What you should do. The entries underneath need to be duplicated exactly, with none omitted.

*** Records to use Section Begins ***

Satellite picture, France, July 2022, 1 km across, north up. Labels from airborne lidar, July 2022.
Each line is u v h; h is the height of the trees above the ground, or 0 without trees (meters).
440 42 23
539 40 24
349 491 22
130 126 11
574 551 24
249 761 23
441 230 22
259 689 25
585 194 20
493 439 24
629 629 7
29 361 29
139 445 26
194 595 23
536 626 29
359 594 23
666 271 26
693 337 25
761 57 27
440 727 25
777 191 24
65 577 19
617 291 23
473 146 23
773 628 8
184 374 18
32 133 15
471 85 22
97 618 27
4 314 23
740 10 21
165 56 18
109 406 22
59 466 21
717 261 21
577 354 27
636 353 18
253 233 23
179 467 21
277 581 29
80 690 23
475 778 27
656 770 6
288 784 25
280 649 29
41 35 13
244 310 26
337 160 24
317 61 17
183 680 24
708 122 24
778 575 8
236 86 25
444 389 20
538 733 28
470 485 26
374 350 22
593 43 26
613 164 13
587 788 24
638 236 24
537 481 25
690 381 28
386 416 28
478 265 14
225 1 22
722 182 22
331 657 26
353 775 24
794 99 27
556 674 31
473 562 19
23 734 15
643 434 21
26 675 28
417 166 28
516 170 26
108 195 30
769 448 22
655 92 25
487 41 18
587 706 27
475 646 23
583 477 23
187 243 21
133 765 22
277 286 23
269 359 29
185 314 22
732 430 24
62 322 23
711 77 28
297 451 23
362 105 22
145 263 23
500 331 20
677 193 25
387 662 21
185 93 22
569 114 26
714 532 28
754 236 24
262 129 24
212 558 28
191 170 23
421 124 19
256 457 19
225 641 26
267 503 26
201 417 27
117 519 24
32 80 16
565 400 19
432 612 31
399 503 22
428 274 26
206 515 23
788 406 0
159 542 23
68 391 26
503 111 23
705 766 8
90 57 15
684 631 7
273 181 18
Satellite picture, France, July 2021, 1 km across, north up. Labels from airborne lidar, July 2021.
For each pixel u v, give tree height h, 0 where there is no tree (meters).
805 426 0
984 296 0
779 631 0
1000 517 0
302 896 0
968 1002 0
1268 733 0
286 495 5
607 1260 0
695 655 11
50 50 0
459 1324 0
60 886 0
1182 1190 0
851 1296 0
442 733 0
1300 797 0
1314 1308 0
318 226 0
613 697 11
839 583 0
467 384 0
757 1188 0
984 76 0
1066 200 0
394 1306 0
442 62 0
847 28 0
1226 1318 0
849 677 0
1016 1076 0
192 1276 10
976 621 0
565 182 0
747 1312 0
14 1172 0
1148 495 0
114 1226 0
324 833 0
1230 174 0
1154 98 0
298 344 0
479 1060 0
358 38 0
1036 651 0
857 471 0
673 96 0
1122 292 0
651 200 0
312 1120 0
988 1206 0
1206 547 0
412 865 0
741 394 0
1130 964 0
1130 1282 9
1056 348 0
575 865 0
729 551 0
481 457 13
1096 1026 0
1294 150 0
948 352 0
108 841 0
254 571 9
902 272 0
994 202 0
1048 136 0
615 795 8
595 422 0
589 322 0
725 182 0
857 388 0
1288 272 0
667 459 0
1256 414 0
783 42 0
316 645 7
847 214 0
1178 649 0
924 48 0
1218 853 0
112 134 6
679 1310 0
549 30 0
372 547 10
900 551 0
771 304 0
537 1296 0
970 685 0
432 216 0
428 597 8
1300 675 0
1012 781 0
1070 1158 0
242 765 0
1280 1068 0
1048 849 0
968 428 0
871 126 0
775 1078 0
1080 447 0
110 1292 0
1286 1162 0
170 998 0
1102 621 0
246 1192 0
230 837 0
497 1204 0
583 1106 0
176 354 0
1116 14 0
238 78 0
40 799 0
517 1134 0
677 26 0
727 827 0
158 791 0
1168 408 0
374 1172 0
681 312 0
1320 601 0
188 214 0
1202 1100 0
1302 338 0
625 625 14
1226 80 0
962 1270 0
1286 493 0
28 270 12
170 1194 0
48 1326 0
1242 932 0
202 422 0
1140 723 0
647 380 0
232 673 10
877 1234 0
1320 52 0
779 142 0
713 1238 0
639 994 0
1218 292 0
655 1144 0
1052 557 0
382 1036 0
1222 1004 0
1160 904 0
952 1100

*** Records to use Section Ends ***

Result.
Satellite picture, France, July 2022, 1 km across, north up. Labels from airborne lidar, July 2022.
Each line is u v h; h is the height of the trees above the ground, or 0 without trees (meters).
440 42 23
539 40 24
349 491 22
130 126 11
574 551 24
249 761 23
441 230 22
259 689 25
585 194 20
493 439 24
629 629 7
29 361 29
139 445 26
194 595 23
536 626 29
359 594 23
666 271 26
693 337 25
761 57 27
440 727 25
777 191 24
65 577 19
617 291 23
473 146 23
773 628 8
184 374 18
32 133 15
471 85 22
97 618 27
4 314 23
740 10 21
165 56 18
109 406 22
59 466 21
717 261 21
577 354 27
636 353 18
253 233 23
179 467 21
277 581 29
80 690 23
475 778 27
656 770 6
288 784 25
280 649 29
41 35 13
244 310 26
337 160 24
317 61 17
183 680 24
708 122 24
778 575 8
236 86 25
444 389 20
538 733 28
470 485 26
374 350 22
593 43 26
613 164 13
587 788 24
638 236 24
537 481 25
690 381 28
386 416 28
478 265 14
225 1 22
722 182 22
331 657 26
353 775 24
794 99 27
556 674 31
473 562 19
23 734 15
643 434 21
26 675 28
417 166 28
516 170 26
108 195 30
769 448 22
655 92 25
487 41 18
587 706 27
475 646 23
583 477 23
187 243 21
133 765 22
277 286 23
269 359 29
185 314 22
732 430 24
62 322 23
711 77 28
297 451 23
362 105 22
145 263 23
500 331 20
677 193 25
387 662 21
185 93 22
569 114 26
714 532 28
754 236 24
262 129 24
212 558 28
191 170 23
421 124 19
256 457 19
225 641 26
267 503 26
201 417 27
117 519 24
32 80 16
565 400 19
432 612 31
399 503 22
428 274 26
206 515 23
788 406 0
159 542 23
68 391 26
503 111 23
705 766 8
90 57 15
684 631 7
273 181 18
Satellite picture, France, July 2021, 1 km across, north up. Labels from airborne lidar, July 2021.
For each pixel u v, give tree height h, 0 where there is no tree (meters).
805 426 0
984 296 0
779 631 0
1000 517 0
302 896 0
968 1002 0
1268 733 0
286 495 5
607 1260 0
695 655 11
50 50 0
459 1324 0
60 886 0
1182 1190 0
851 1296 0
442 733 0
1300 797 0
1314 1308 0
318 226 0
613 697 11
839 583 0
467 384 0
757 1188 0
984 76 0
1066 200 0
394 1306 0
442 62 0
847 28 0
1226 1318 0
849 677 0
1016 1076 0
192 1276 10
976 621 0
565 182 0
747 1312 0
14 1172 0
1148 495 0
114 1226 0
324 833 0
1230 174 0
1154 98 0
298 344 0
479 1060 0
358 38 0
1036 651 0
857 471 0
673 96 0
1122 292 0
651 200 0
312 1120 0
988 1206 0
1206 547 0
412 865 0
741 394 0
1130 964 0
1130 1282 9
1056 348 0
575 865 0
729 551 0
481 457 13
1096 1026 0
1294 150 0
948 352 0
108 841 0
254 571 9
902 272 0
994 202 0
1048 136 0
615 795 8
595 422 0
589 322 0
725 182 0
857 388 0
1288 272 0
667 459 0
1256 414 0
783 42 0
316 645 7
847 214 0
1178 649 0
924 48 0
1218 853 0
112 134 6
679 1310 0
549 30 0
372 547 10
900 551 0
771 304 0
537 1296 0
970 685 0
432 216 0
428 597 8
1300 675 0
1012 781 0
1070 1158 0
242 765 0
1280 1068 0
1048 849 0
968 428 0
871 126 0
775 1078 0
1080 447 0
110 1292 0
1286 1162 0
170 998 0
1102 621 0
246 1192 0
230 837 0
497 1204 0
583 1106 0
176 354 0
1116 14 0
238 78 0
40 799 0
517 1134 0
677 26 0
727 827 0
158 791 0
1168 408 0
374 1172 0
681 312 0
1320 601 0
188 214 0
1202 1100 0
1302 338 0
625 625 14
1226 80 0
962 1270 0
1286 493 0
28 270 12
170 1194 0
48 1326 0
1242 932 0
202 422 0
1140 723 0
647 380 0
232 673 10
877 1234 0
1320 52 0
779 142 0
713 1238 0
639 994 0
1218 292 0
655 1144 0
1052 557 0
382 1036 0
1222 1004 0
1160 904 0
952 1100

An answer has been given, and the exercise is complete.